Mean readcounts for each condition

Log 2 FCs…

Log-fold-changes of counts in each condition vs mean across all conditions

MSR

Mean-squared residual

MSE With Alpha

Mean-squared error, plus moderation value

Fstat

Ratio of variance between groups vs. within groups (MSR/(MSE+alpha))

P Value

P-value calculated by the Anova test.

Adj P Value

Adjusted p-value controlling for the FDR (Benjamini-Hochberg)

Status

Debug information (If any)

LFCs (log-fold-changes): For each condition, the LFC is calculated as the log-base-2 of the ratio of mean insertion count in that condition relative to the mean of means across all the conditions. You can use the ‘--ref’ flag to designate a specific condition as a reference for computing LFCs. Pseudocount are incorporated to reduce the impact of noise on LFCs, based on the formula below. The pseudocounts can be adjusted using the ‘--PC’ flag. Changing the pseudocounts (via --PC) can reduce the artifactual appearance of genes with high-magnitude LFCs but that have small overall counts (which are susceptible to noise). Changing the pseudocounts will not affect the analysis of statistical significance and hence number of varying genes, however.
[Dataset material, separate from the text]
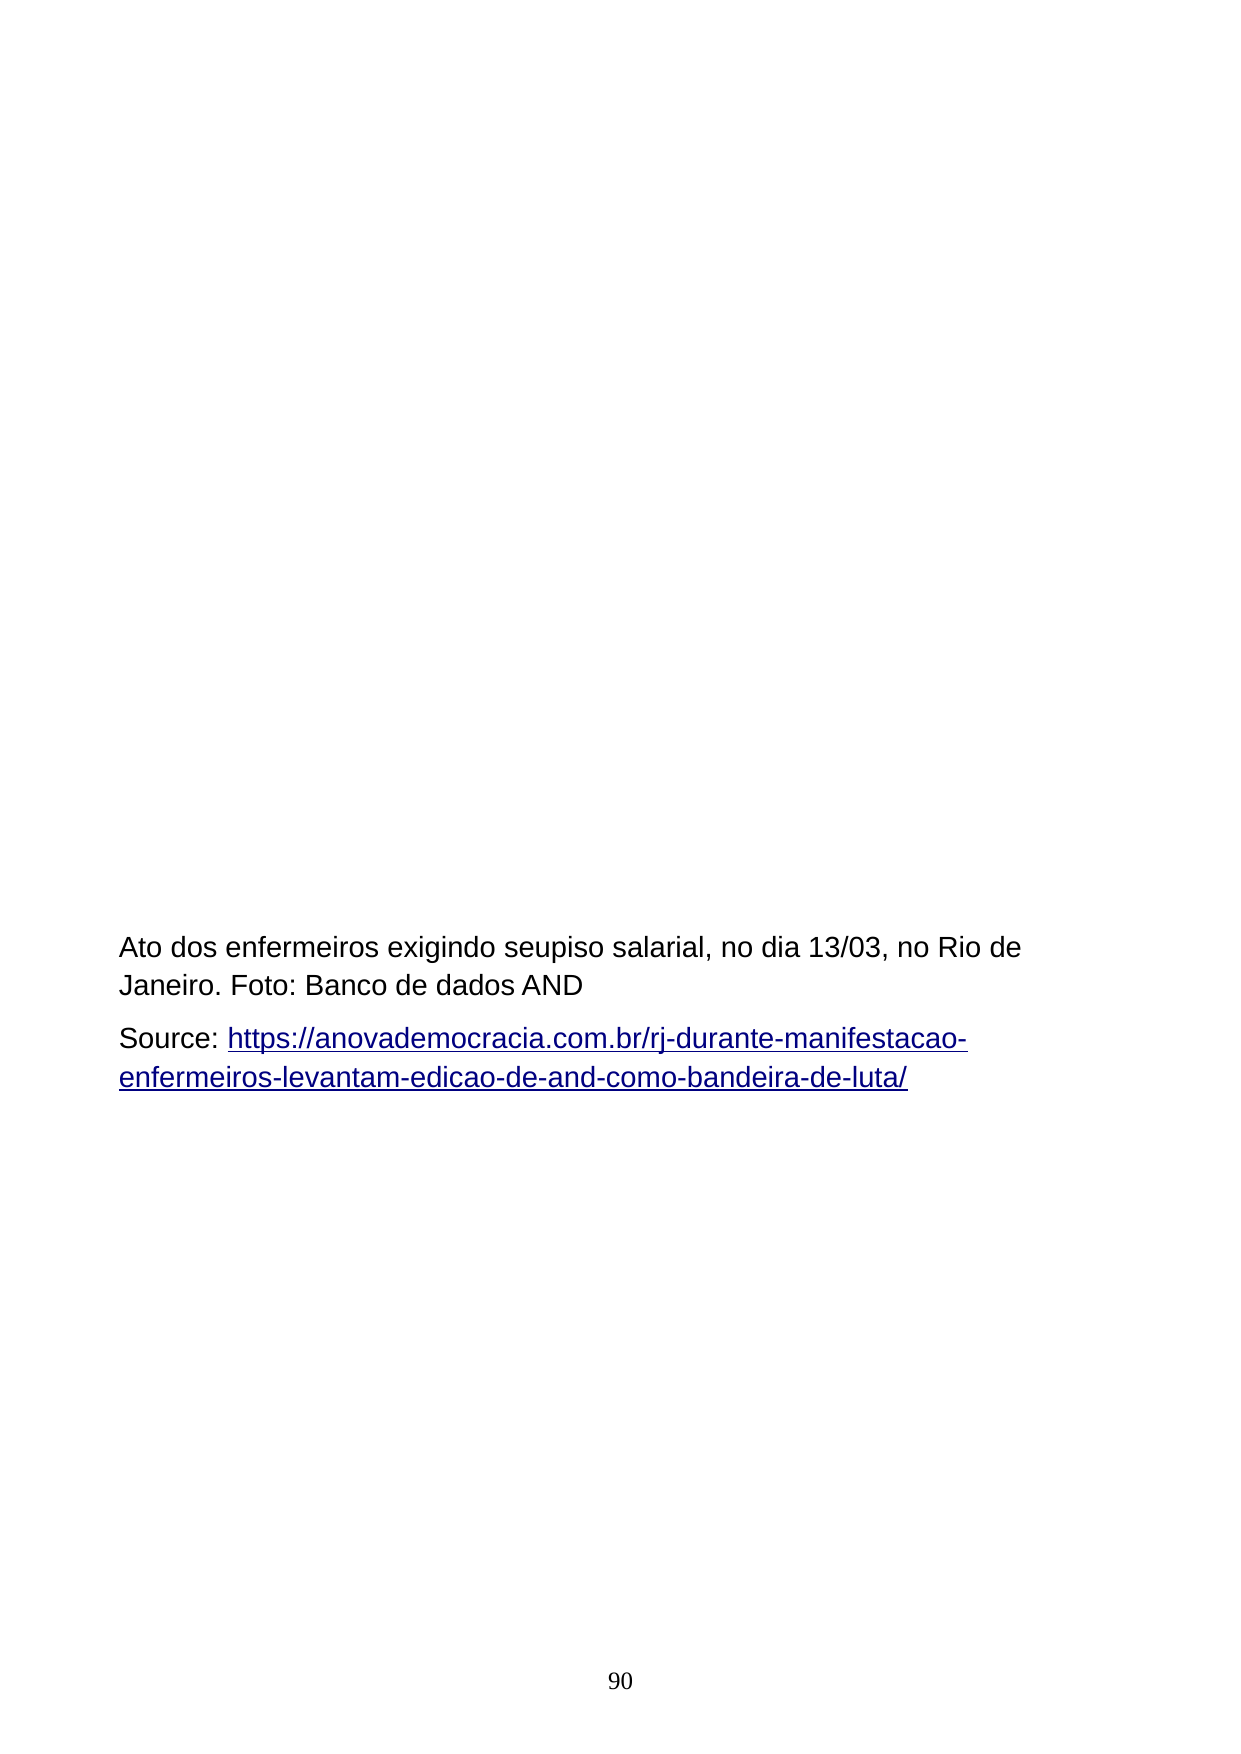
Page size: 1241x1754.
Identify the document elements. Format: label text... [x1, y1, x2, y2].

text Ato dos enfermeiros exigindo seupiso salarial, no dia 13/03, no Rio de Janeiro. Foto: Banco de dados AND [118, 118, 1122, 1002]
text Source: https://anovademocracia.com.br/rj-durante-manifestacao-enfermeiros-levantam-edicao-de-and-como-bandeira-de-luta/ [118, 1021, 1122, 1093]

LFC = log2((mean_insertions_in_condition + PC)/(mean_of_means_across_all_conditions + PC))

GUI Mode

The Anova analysis method can be selected from the “Method” tab in the Menu Bar.

_images/anova_method_tab.png

The parameters to input through the parameter panel for the method is equivalent to the command line usage (see parameter descriptions above for full detail):

_images/anova_parameter_panel.png

Run-time

A typical run of the anova method takes less than 1 minute for a combined wig file with 6 conditions, 3 replicates per condition.